GUS SEYFFERT

Eric Ducker Rafael Pulido Music

Gus Seyffert began gigging when he was 15 years old, playing bass and making good money at a dinner theater in Kansas City that was putting on a production of Tony n’ Tina’s Wedding. Though he was almost flunking out of his arts-magnet high school, he was soon a part of ensembles in the city’s legendary jazz scene six or seven nights a week. These experiences would lay the foundations for the career he’s now built for himself as a respected studio and touring rock musician.

Now based out of the East Side of Los Angeles, Seyffert has played with artists including Sia, Norah Jones, Inara George and Ryan Adams. Behind the mixing board, he’s become part of a circle of respected producers like Greg Kurstin, Mike Andrews and Joey Waronker. He just wrapped up a four-year stretch on the road with the Black Keys and has joined Beck’s band.

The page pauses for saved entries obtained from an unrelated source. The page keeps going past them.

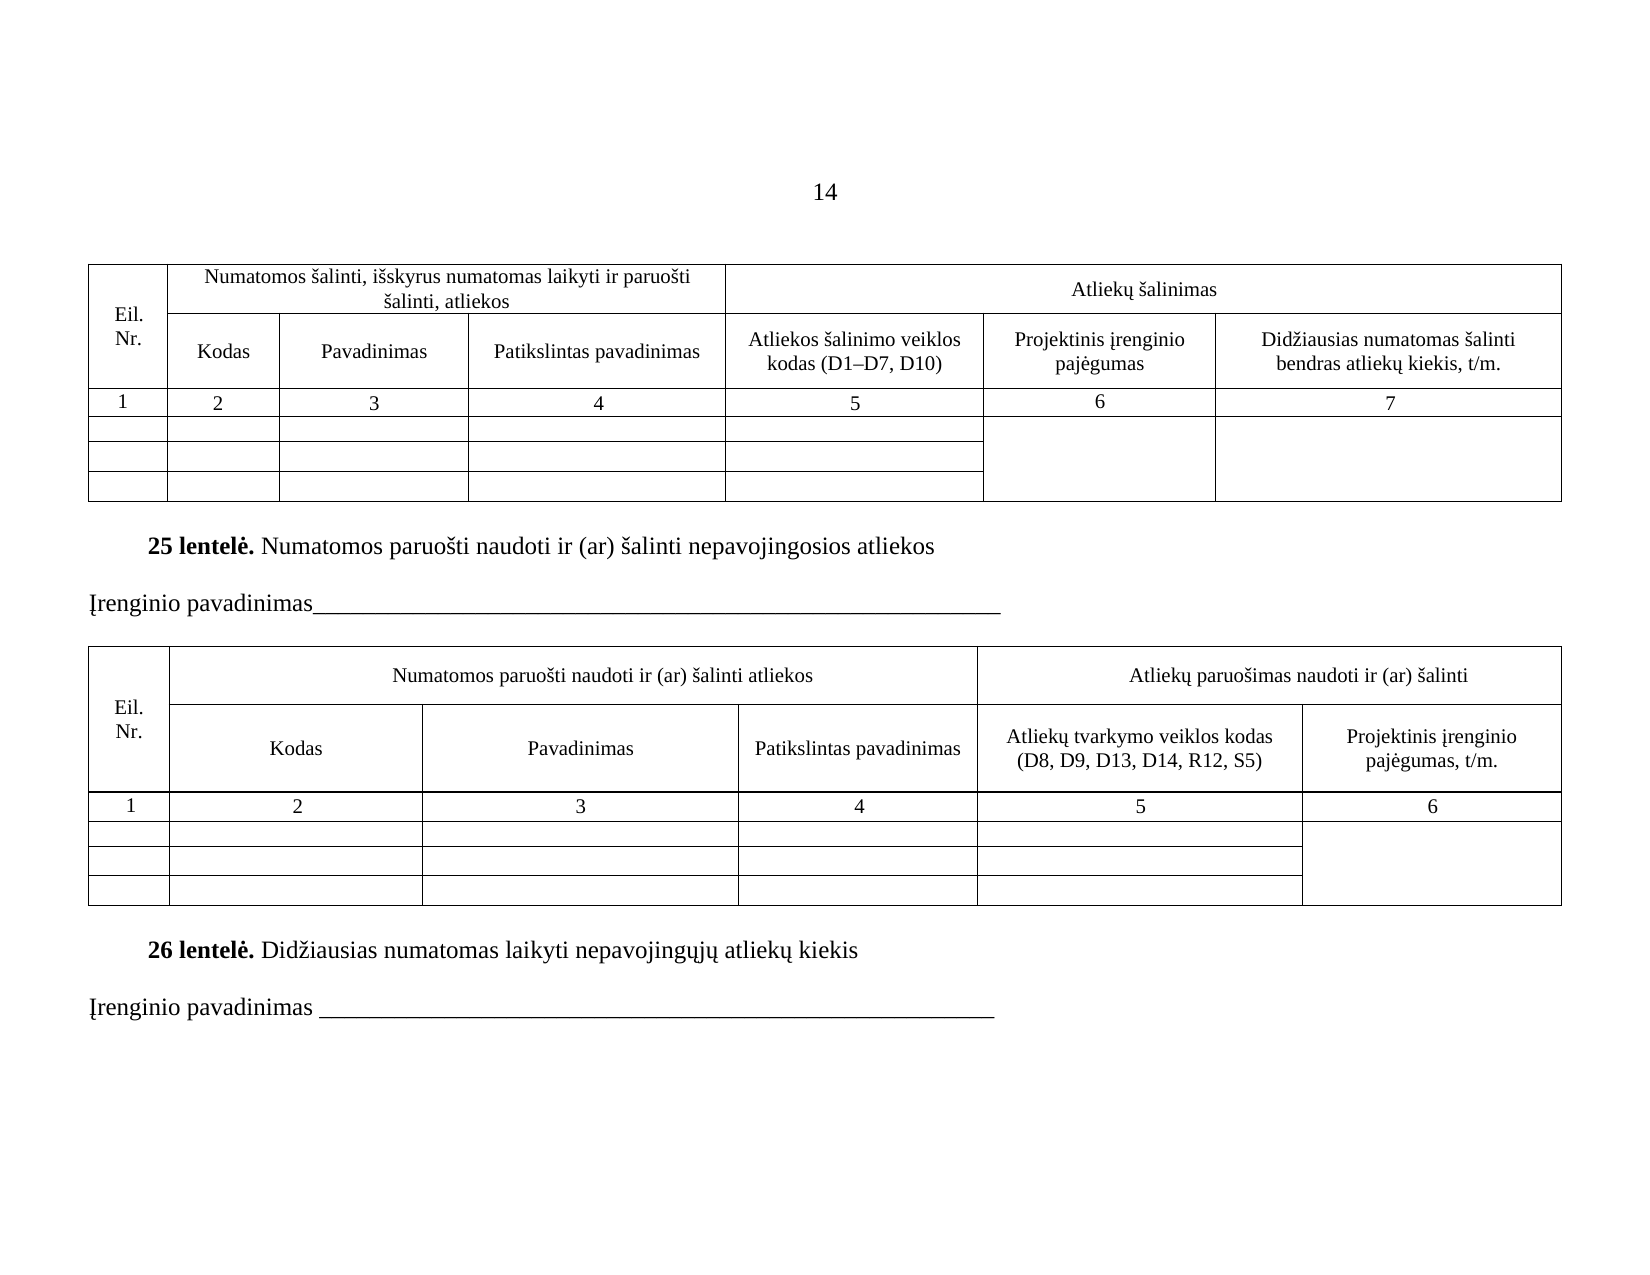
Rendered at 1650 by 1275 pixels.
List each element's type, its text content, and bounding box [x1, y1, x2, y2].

table_cell 3 [423, 793, 738, 821]
table_cell [89, 472, 167, 501]
table_cell [170, 876, 422, 905]
table_cell [89, 876, 169, 905]
table_cell [739, 876, 977, 905]
table_cell [280, 472, 468, 501]
table_cell [423, 822, 738, 846]
table_cell [739, 847, 977, 875]
table_cell [423, 847, 738, 875]
table_cell [726, 417, 983, 441]
table_cell Kodas [168, 314, 279, 388]
table_cell [423, 876, 738, 905]
table_cell Projektinis įrenginio pajėgumas [984, 314, 1215, 388]
table_cell Pavadinimas [280, 314, 468, 388]
text 25 lentelė. Numatomos paruošti naudoti ir (ar) šalinti nepavojingosios atliekos [89, 531, 1561, 559]
text Įrenginio pavadinimas [89, 588, 1561, 617]
table_cell [170, 847, 422, 875]
table_cell 7 [1216, 389, 1561, 416]
table_header Atliekų paruošimas naudoti ir (ar) šalinti [978, 647, 1561, 704]
table_header Numatomos šalinti, išskyrus numatomas laikyti ir paruošti šalinti, atliekos [168, 265, 725, 313]
table_cell [89, 822, 169, 846]
table_cell Kodas [170, 705, 422, 791]
table_cell [978, 876, 1302, 905]
text Įrenginio pavadinimas  [89, 992, 1561, 1021]
table_cell [168, 472, 279, 501]
table_cell [168, 442, 279, 471]
table_cell 5 [978, 793, 1302, 821]
table_cell 2 [168, 389, 279, 416]
table_header Atliekų šalinimas [726, 265, 1561, 313]
table_cell [1303, 822, 1561, 905]
table_cell Atliekos šalinimo veiklos kodas (D1–D7, D10) [726, 314, 983, 388]
table_cell [984, 417, 1215, 501]
table_cell 5 [726, 389, 983, 416]
table_cell Didžiausias numatomas šalinti bendras atliekų kiekis, t/m. [1216, 314, 1561, 388]
table_cell [726, 472, 983, 501]
table_cell [978, 822, 1302, 846]
table_cell [1216, 417, 1561, 501]
table_cell [469, 442, 725, 471]
table_header Eil. Nr. [89, 647, 169, 791]
table_cell [89, 417, 167, 441]
table_cell [89, 847, 169, 875]
table_cell [168, 417, 279, 441]
table_cell [89, 442, 167, 471]
table_cell 4 [469, 389, 725, 416]
table_cell [170, 822, 422, 846]
table_cell 4 [739, 793, 977, 821]
table_cell 1 [89, 793, 169, 821]
table_cell 3 [280, 389, 468, 416]
table_header Numatomos paruošti naudoti ir (ar) šalinti atliekos [170, 647, 977, 704]
table_cell [469, 472, 725, 501]
table_cell [739, 822, 977, 846]
table_cell Projektinis įrenginio pajėgumas, t/m. [1303, 705, 1561, 791]
table_cell [726, 442, 983, 471]
table_cell [469, 417, 725, 441]
table_cell Patikslintas pavadinimas [739, 705, 977, 791]
table_cell Atliekų tvarkymo veiklos kodas (D8, D9, D13, D14, R12, S5) [978, 705, 1302, 791]
table_cell Patikslintas pavadinimas [469, 314, 725, 388]
table_cell [280, 442, 468, 471]
table_cell [280, 417, 468, 441]
table_cell Pavadinimas [423, 705, 738, 791]
table_header Eil. Nr. [89, 265, 167, 388]
table_cell 6 [984, 389, 1215, 416]
table_cell 2 [170, 793, 422, 821]
table_cell 6 [1303, 793, 1561, 821]
table_cell [978, 847, 1302, 875]
text 26 lentelė. Didžiausias numatomas laikyti nepavojingųjų atliekų kiekis [89, 935, 1561, 964]
table_cell 1 [89, 389, 167, 416]

While jobs like these can be lucrative for a career musician, Seyffert has put back everything he’s earned into buying vintage and analog equipment to build up his own studio. It’s there that he produces and records for a number of acts, as well as his own group, Willoughby. “Finally, after 10 years or so, some of the stuff I’m doing is starting to get a little attention,” he says. Seyffert put together a compilation of mostly unreleased music for Citizens of Humanity that features the range of artists he has produced. There’s Jake Blanton, who went to that same magnet school in Kansas City, and has similarly taken session and touring work with folks like The Killers. Sean & Zander—two old punks whose résumés include Circle Jerks, The Weirdos and Throw Rag who are now playing Americana—contribute a song. And then you have Suzie Johannes, a librarian-looking lady from Lawrence, Kansas, who spent a week camping in Seyffert’s backyard and recording music.

 

 

These artists, plus more than half a dozen others, represent the myriad ways folks are trying to earn a living, keep creative and figure things out in today’s uncertain music industry. “A lot of artists don’t have a home,” says Seyffert. “There are no labels, nobody is putting any money into anything and it costs so much money to release music in a real way, so everybody keeps hoping that something is going to come along.”

Until then all Seyffert can do is keep playing and pressing records, documenting the people who come into his life and come through his studio. It sounds good, but let’s just try it again from the top.